Work task: Please transcribe exactly, and only, the lines of the data below between the line holding "text Op 16 mei" and the line holding "subtitle Nr. 3", inclusive.
─── Information
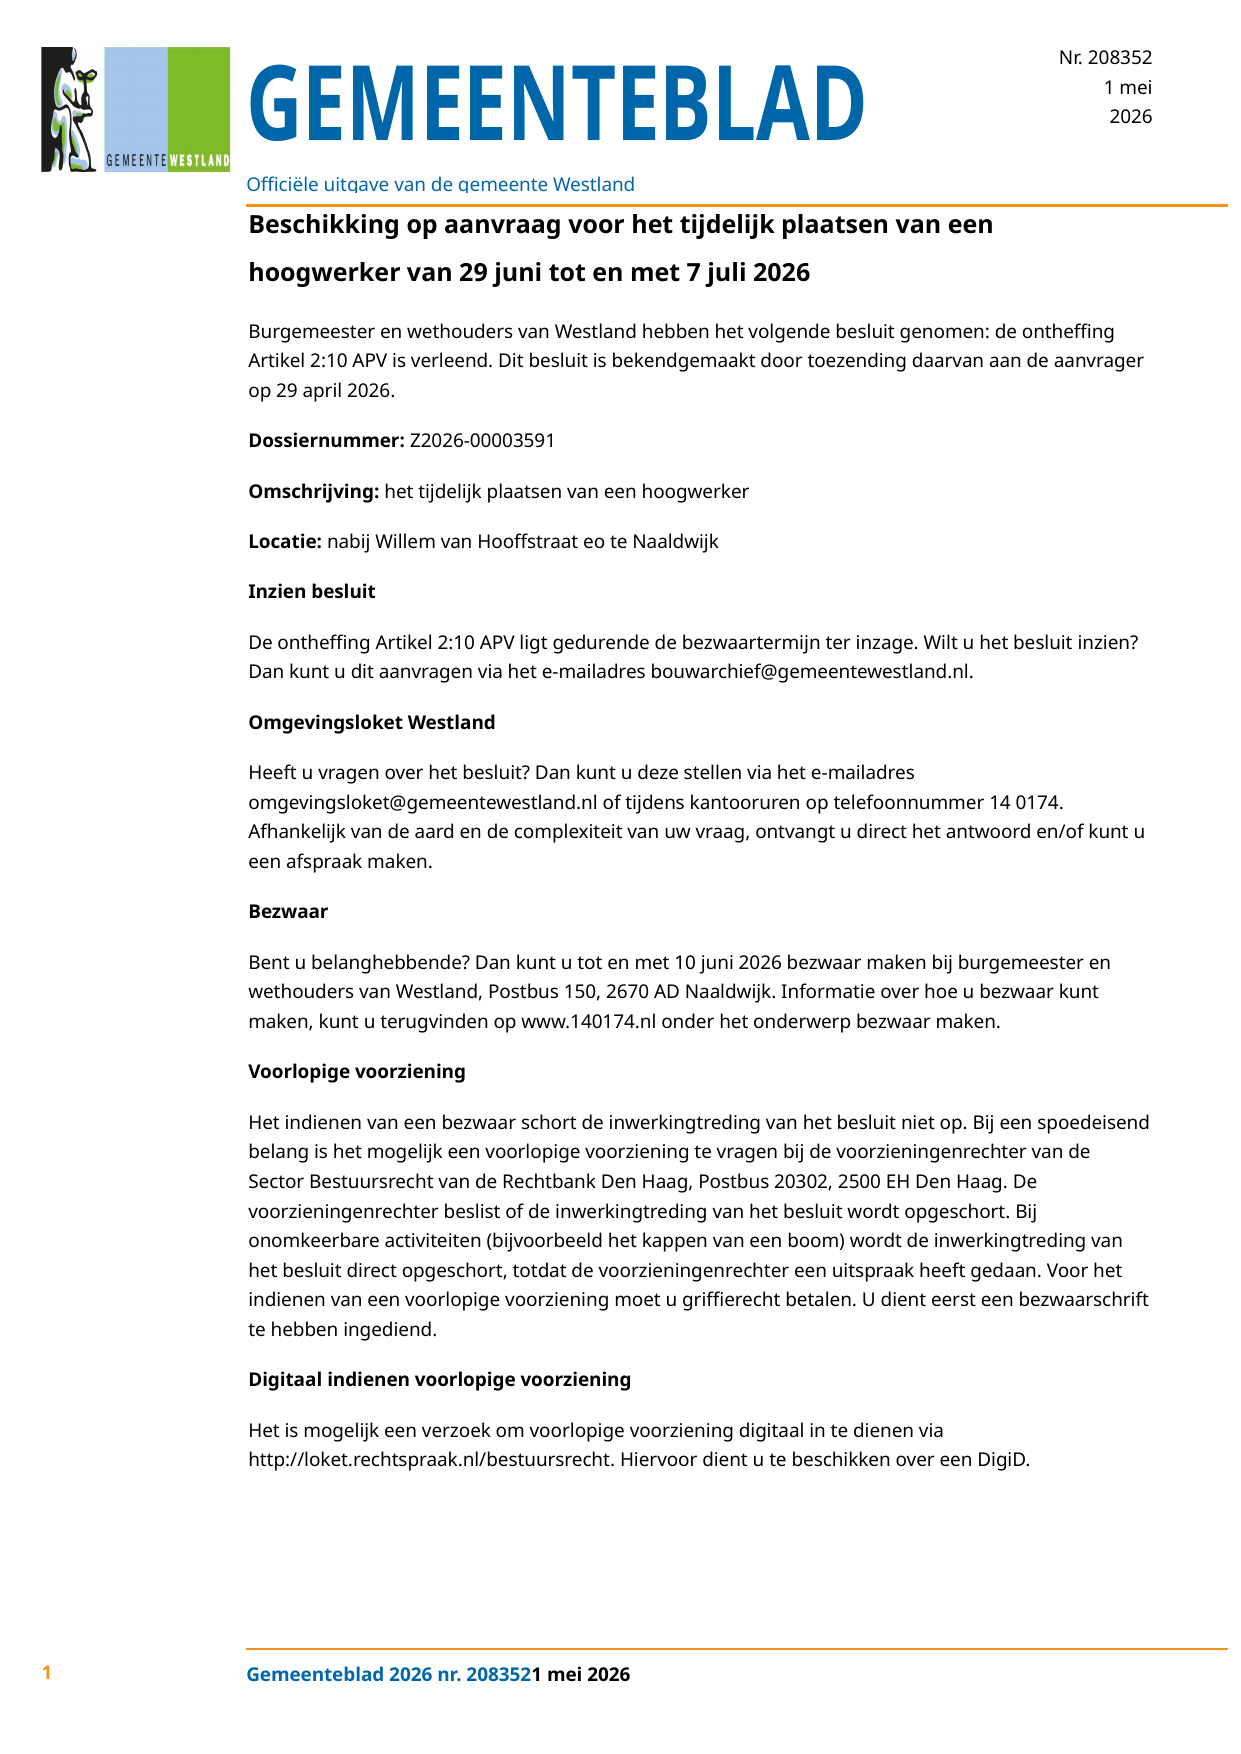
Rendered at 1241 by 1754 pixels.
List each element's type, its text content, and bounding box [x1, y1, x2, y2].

text Omgevingsloket Westland [248, 709, 1152, 735]
text Digitaal indienen voorlopige voorziening [248, 1367, 1152, 1392]
text Omschrijving: het tijdelijk plaatsen van een hoogwerker [248, 478, 1152, 504]
text Burgemeester en wethouders van Westland hebben het volgende besluit genomen: de ontheffing Artikel 2:10 APV is verleend. Dit besluit is bekendgemaakt door toezending daarvan aan de aanvrager op 29 april 2026. [248, 318, 1152, 403]
picture [41, 47, 231, 172]
text Beschikking op aanvraag voor het tijdelijk plaatsen van een hoogwerker van 29 juni tot en met 7 juli 2026 [248, 207, 1152, 288]
text Inzien besluit [248, 579, 1152, 604]
text Bent u belanghebbende? Dan kunt u tot en met 10 juni 2026 bezwaar maken bij burgemeester en wethouders van Westland, Postbus 150, 2670 AD Naaldwijk. Informatie over hoe u bezwaar kunt maken, kunt u terugvinden op www.140174.nl onder het onderwerp bezwaar maken. [248, 949, 1152, 1034]
text Het indienen van een bezwaar schort de inwerkingtreding van het besluit niet op. Bij een spoedeisend belang is het mogelijk een voorlopige voorziening te vragen bij de voorzieningenrechter van de Sector Bestuursrecht van de Rechtbank Den Haag, Postbus 20302, 2500 EH Den Haag. De voorzieningenrechter beslist of de inwerkingtreding van het besluit wordt opgeschort. Bij onomkeerbare activiteiten (bijvoorbeeld het kappen van een boom) wordt de inwerkingtreding van het besluit direct opgeschort, totdat de voorzieningenrechter een uitspraak heeft gedaan. Voor het indienen van een voorlopige voorziening moet u griffierecht betalen. U dient eerst een bezwaarschrift te hebben ingediend. [248, 1109, 1152, 1342]
text Bezwaar [248, 899, 1152, 924]
text Heeft u vragen over het besluit? Dan kunt u deze stellen via het e-mailadres omgevingsloket@gemeentewestland.nl of tijdens kantooruren op telefoonnummer 14 0174. Afhankelijk van de aard en de complexiteit van uw vraag, ontvangt u direct het antwoord en/of kunt u een afspraak maken. [248, 759, 1152, 874]
text Voorlopige voorziening [248, 1059, 1152, 1084]
text Het is mogelijk een verzoek om voorlopige voorziening digitaal in te dienen via http://loket.rechtspraak.nl/bestuursrecht. Hiervoor dient u te beschikken over een DigiD. [248, 1417, 1152, 1472]
text Locatie: nabij Willem van Hooffstraat eo te Naaldwijk [248, 528, 1152, 554]
text Dossiernummer: Z2026-00003591 [248, 427, 1152, 453]
text De ontheffing Artikel 2:10 APV ligt gedurende de bezwaartermijn ter inzage. Wilt u het besluit inzien? Dan kunt u dit aanvragen via het e-mailadres bouwarchief@gemeentewestland.nl. [248, 629, 1152, 684]
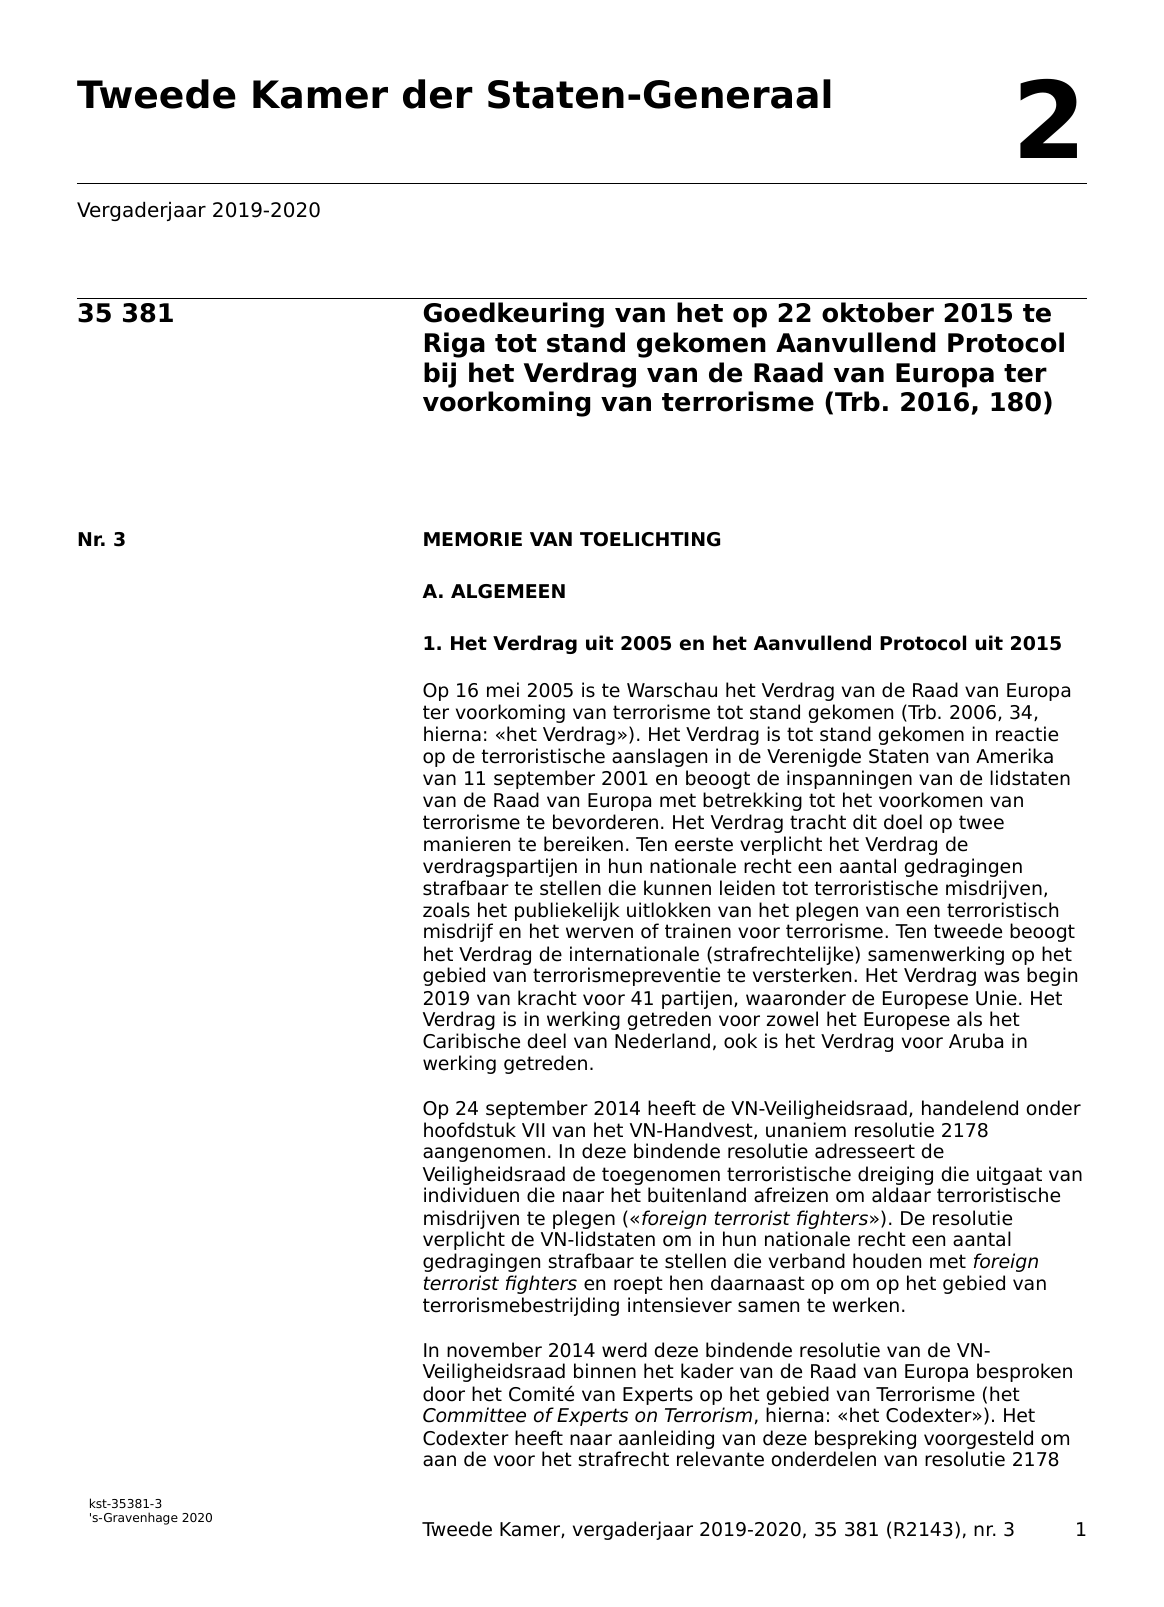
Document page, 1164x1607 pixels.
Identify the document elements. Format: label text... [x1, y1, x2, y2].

text Op 16 mei 2005 is te Warschau het Verdrag van de Raad van Europa ter voorkoming van terrorisme tot stand gekomen (Trb. 2006, 34, hierna: «het Verdrag»). Het Verdrag is tot stand gekomen in reactie op de terroristische aanslagen in de Verenigde Staten van Amerika van 11 september 2001 en beoogt de inspanningen van de lidstaten van de Raad van Europa met betrekking tot het voorkomen van terrorisme te bevorderen. Het Verdrag tracht dit doel op twee manieren te bereiken. Ten eerste verplicht het Verdrag de verdragspartijen in hun nationale recht een aantal gedragingen strafbaar te stellen die kunnen leiden tot terroristische misdrijven, zoals het publiekelijk uitlokken van het plegen van een terroristisch misdrijf en het werven of trainen voor terrorisme. Ten tweede beoogt het Verdrag de internationale (strafrechtelijke) samenwerking op het gebied van terrorismepreventie te versterken. Het Verdrag was begin 2019 van kracht voor 41 partijen, waaronder de Europese Unie. Het Verdrag is in werking getreden voor zowel het Europese als het Caribische deel van Nederland, ook is het Verdrag voor Aruba in werking getreden. [422, 680, 1087, 1075]
text Op 24 september 2014 heeft de VN-Veiligheidsraad, handelend onder hoofdstuk VII van het VN-Handvest, unaniem resolutie 2178 aangenomen. In deze bindende resolutie adresseert de Veiligheidsraad de toegenomen terroristische dreiging die uitgaat van individuen die naar het buitenland afreizen om aldaar terroristische misdrijven te plegen («foreign terrorist fighters»). De resolutie verplicht de VN-lidstaten om in hun nationale recht een aantal gedragingen strafbaar te stellen die verband houden met foreign terrorist fighters en roept hen daarnaast op om op het gebied van terrorismebestrijding intensiever samen te werken. [422, 1097, 1087, 1317]
subtitle 1. Het Verdrag uit 2005 en het Aanvullend Protocol uit 2015 [422, 633, 1087, 655]
subtitle A. ALGEMEEN [422, 581, 1087, 603]
table_header 2 [886, 59, 1087, 183]
subtitle Nr. 3 MEMORIE VAN TOELICHTING [77, 529, 1087, 551]
subtitle 35 381 Goedkeuring van het op 22 oktober 2015 te Riga tot stand gekomen Aanvullend Protocol bij het Verdrag van de Raad van Europa ter voorkoming van terrorisme (Trb. 2016, 180) [77, 299, 1087, 418]
table_cell Vergaderjaar 2019-2020 [77, 184, 1087, 298]
table_header Tweede Kamer der Staten-Generaal [77, 59, 886, 183]
text 's-Gravenhage 2020 [88, 1511, 323, 1525]
text kst-35381-3 [88, 1497, 323, 1511]
text In november 2014 werd deze bindende resolutie van de VN-Veiligheidsraad binnen het kader van de Raad van Europa besproken door het Comité van Experts op het gebied van Terrorisme (het Committee of Experts on Terrorism, hierna: «het Codexter»). Het Codexter heeft naar aanleiding van deze bespreking voorgesteld om aan de voor het strafrecht relevante onderdelen van resolutie 2178 [422, 1339, 1087, 1471]
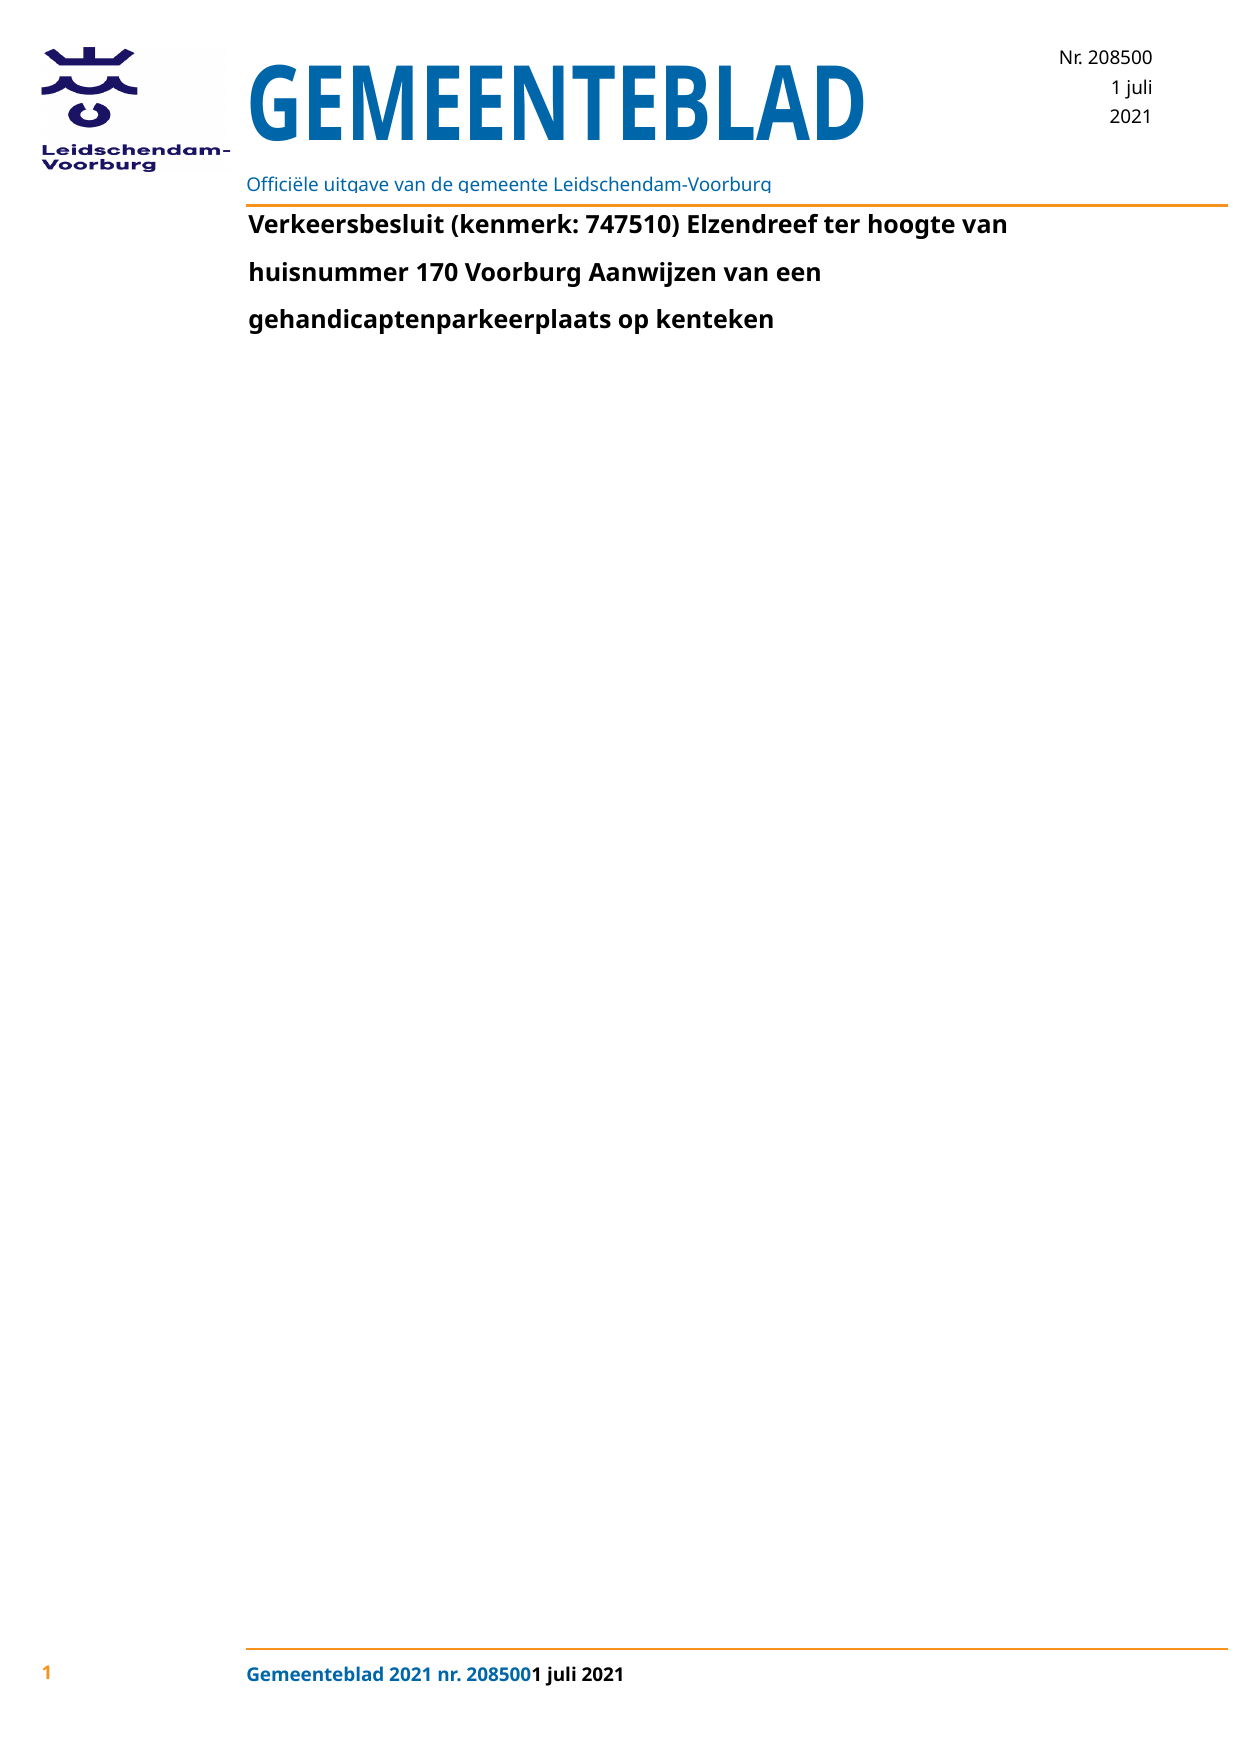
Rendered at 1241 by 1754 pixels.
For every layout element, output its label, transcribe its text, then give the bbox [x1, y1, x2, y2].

text Verkeersbesluit (kenmerk: 747510) Elzendreef ter hoogte van huisnummer 170 Voorburg Aanwijzen van een gehandicaptenparkeerplaats op kenteken [248, 207, 1152, 336]
picture [41, 47, 231, 172]
──────
Answer area:
text Op 16 mei 2005 is te Warschau het Verdrag van de Raad van Europa ter voorkoming van terrorisme tot stand gekomen (Trb. 2006, 34, hierna: «het Verdrag»). Het Verdrag is tot stand gekomen in reactie op de terroristische aanslagen in de Verenigde Staten van Amerika van 11 september 2001 en beoogt de inspanningen van de lidstaten van de Raad van Europa met betrekking tot het voorkomen van terrorisme te bevorderen. Het Verdrag tracht dit doel op twee manieren te bereiken. Ten eerste verplicht het Verdrag de verdragspartijen in hun nationale recht een aantal gedragingen strafbaar te stellen die kunnen leiden tot terroristische misdrijven, zoals het publiekelijk uitlokken van het plegen van een terroristisch misdrijf en het werven of trainen voor terrorisme. Ten tweede beoogt het Verdrag de internationale (strafrechtelijke) samenwerking op het gebied van terrorismepreventie te versterken. Het Verdrag was begin 2019 van kracht voor 41 partijen, waaronder de Europese Unie. Het Verdrag is in werking getreden voor zowel het Europese als het Caribische deel van Nederland, ook is het Verdrag voor Aruba in werking getreden. [422, 680, 1087, 1075]
text Op 24 september 2014 heeft de VN-Veiligheidsraad, handelend onder hoofdstuk VII van het VN-Handvest, unaniem resolutie 2178 aangenomen. In deze bindende resolutie adresseert de Veiligheidsraad de toegenomen terroristische dreiging die uitgaat van individuen die naar het buitenland afreizen om aldaar terroristische misdrijven te plegen («foreign terrorist fighters»). De resolutie verplicht de VN-lidstaten om in hun nationale recht een aantal gedragingen strafbaar te stellen die verband houden met foreign terrorist fighters en roept hen daarnaast op om op het gebied van terrorismebestrijding intensiever samen te werken. [422, 1097, 1087, 1317]
subtitle 1. Het Verdrag uit 2005 en het Aanvullend Protocol uit 2015 [422, 633, 1087, 655]
subtitle A. ALGEMEEN [422, 581, 1087, 603]
table_header 2 [886, 59, 1087, 183]
subtitle Nr. 3 MEMORIE VAN TOELICHTING [77, 529, 1087, 551]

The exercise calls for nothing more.